According to him, this has led to an “unlevel playing field,” with local refiners being forced to slash their prices, sometimes below the cost of production. He emphasized the need for protective policies, citing examples from the U.S., Canada, and the European Union.
Dangote further called on President Bola Tinubu to apply the Nigeria First policy to the petroleum sector, urging that fuel importation be restricted to encourage investment in local refining.
“The Nigeria First policy announced by His Excellency, President Bola Tinubu, should apply to the petroleum product sector and all other sectors,” Dangote stressed.
But this proposal has sparked controversy. Marketers and fuel importers warn that banning fuel imports could reverse the gains of market deregulation and stifle competition. Many believe that the open market model should continue, with regulators playing a firm role in ensuring quality and fairness rather than imposing restrictions.

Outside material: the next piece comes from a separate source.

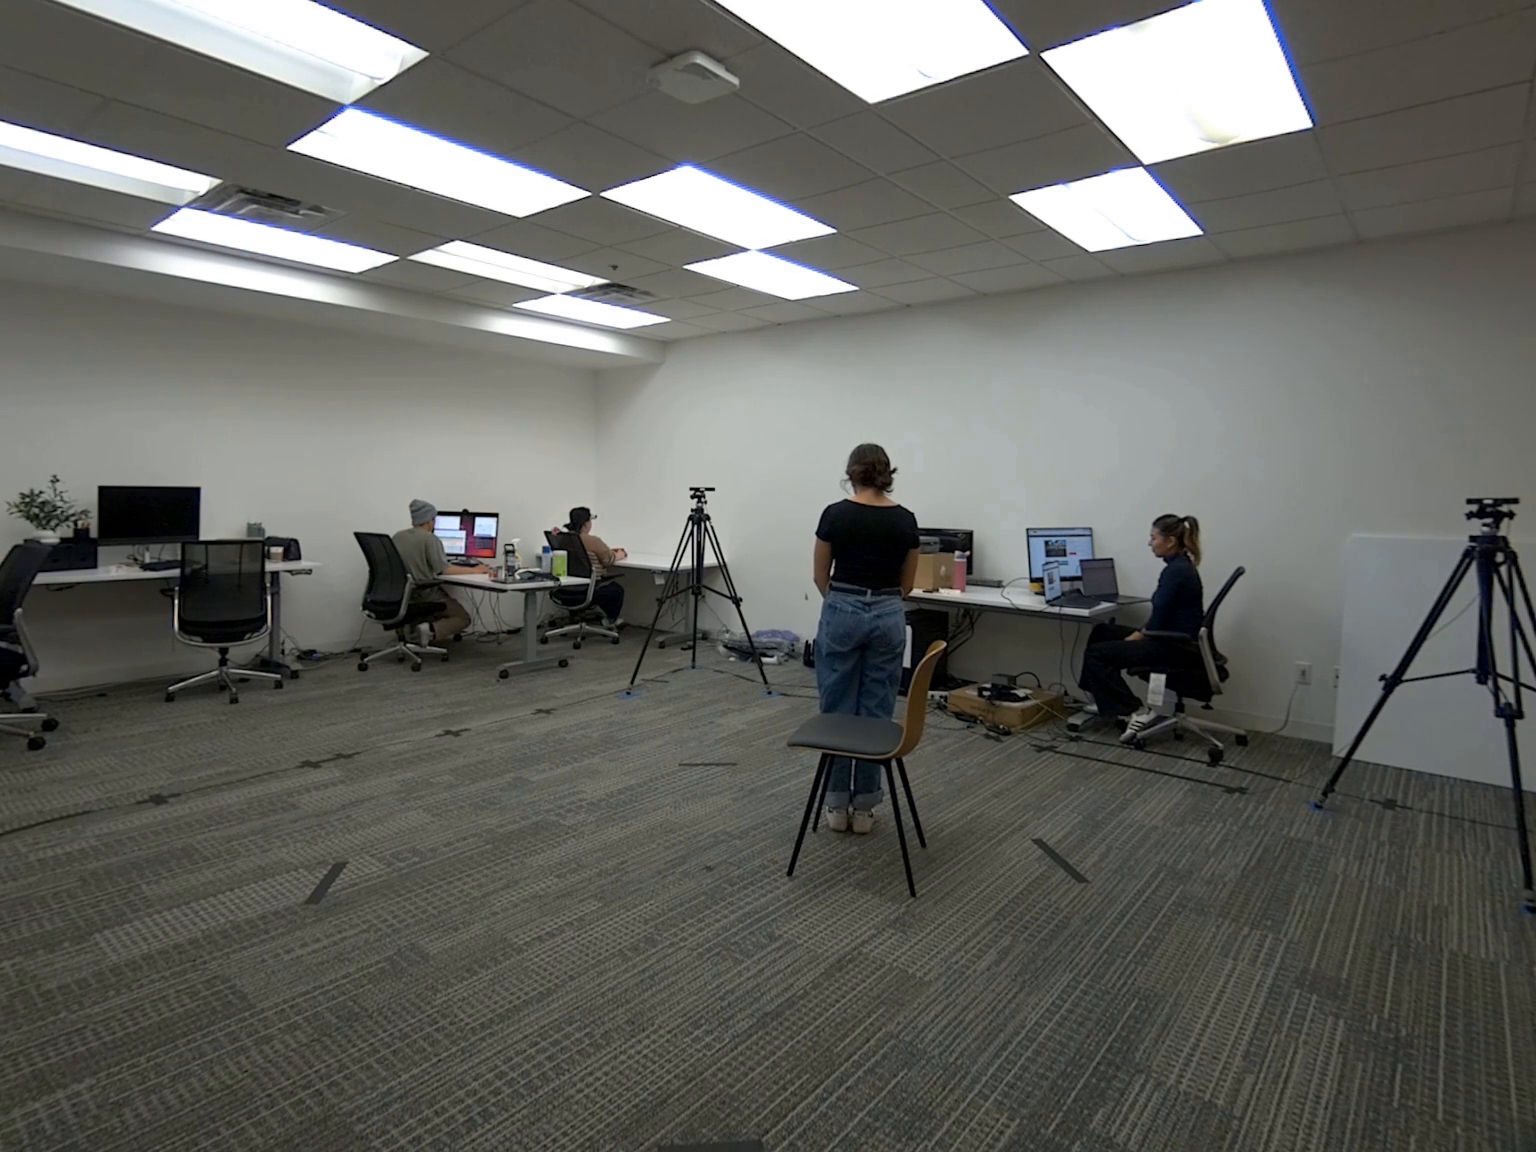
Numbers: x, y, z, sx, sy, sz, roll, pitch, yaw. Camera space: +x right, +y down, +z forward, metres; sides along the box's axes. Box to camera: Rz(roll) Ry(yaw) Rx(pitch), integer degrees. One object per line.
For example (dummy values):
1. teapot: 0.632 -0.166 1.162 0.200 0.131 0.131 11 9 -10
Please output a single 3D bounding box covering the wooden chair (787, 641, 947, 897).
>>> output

As the price war deepens, Nigerian consumers may be the short-term beneficiaries, with lower pump prices and more options. However, the broader implications for the future of domestic refining and energy security remain hotly debated.
Conclusion:
The ongoing battle between fuel importers and the Dangote refinery reflects the growing pains of Nigeria’s liberalised fuel market. While competition is driving prices down and offering consumers relief, the concerns about market sustainability, substandard imports, and long-term industrial investment cannot be ignored. Whether the government will intervene or allow the market forces to play out remains to be seen.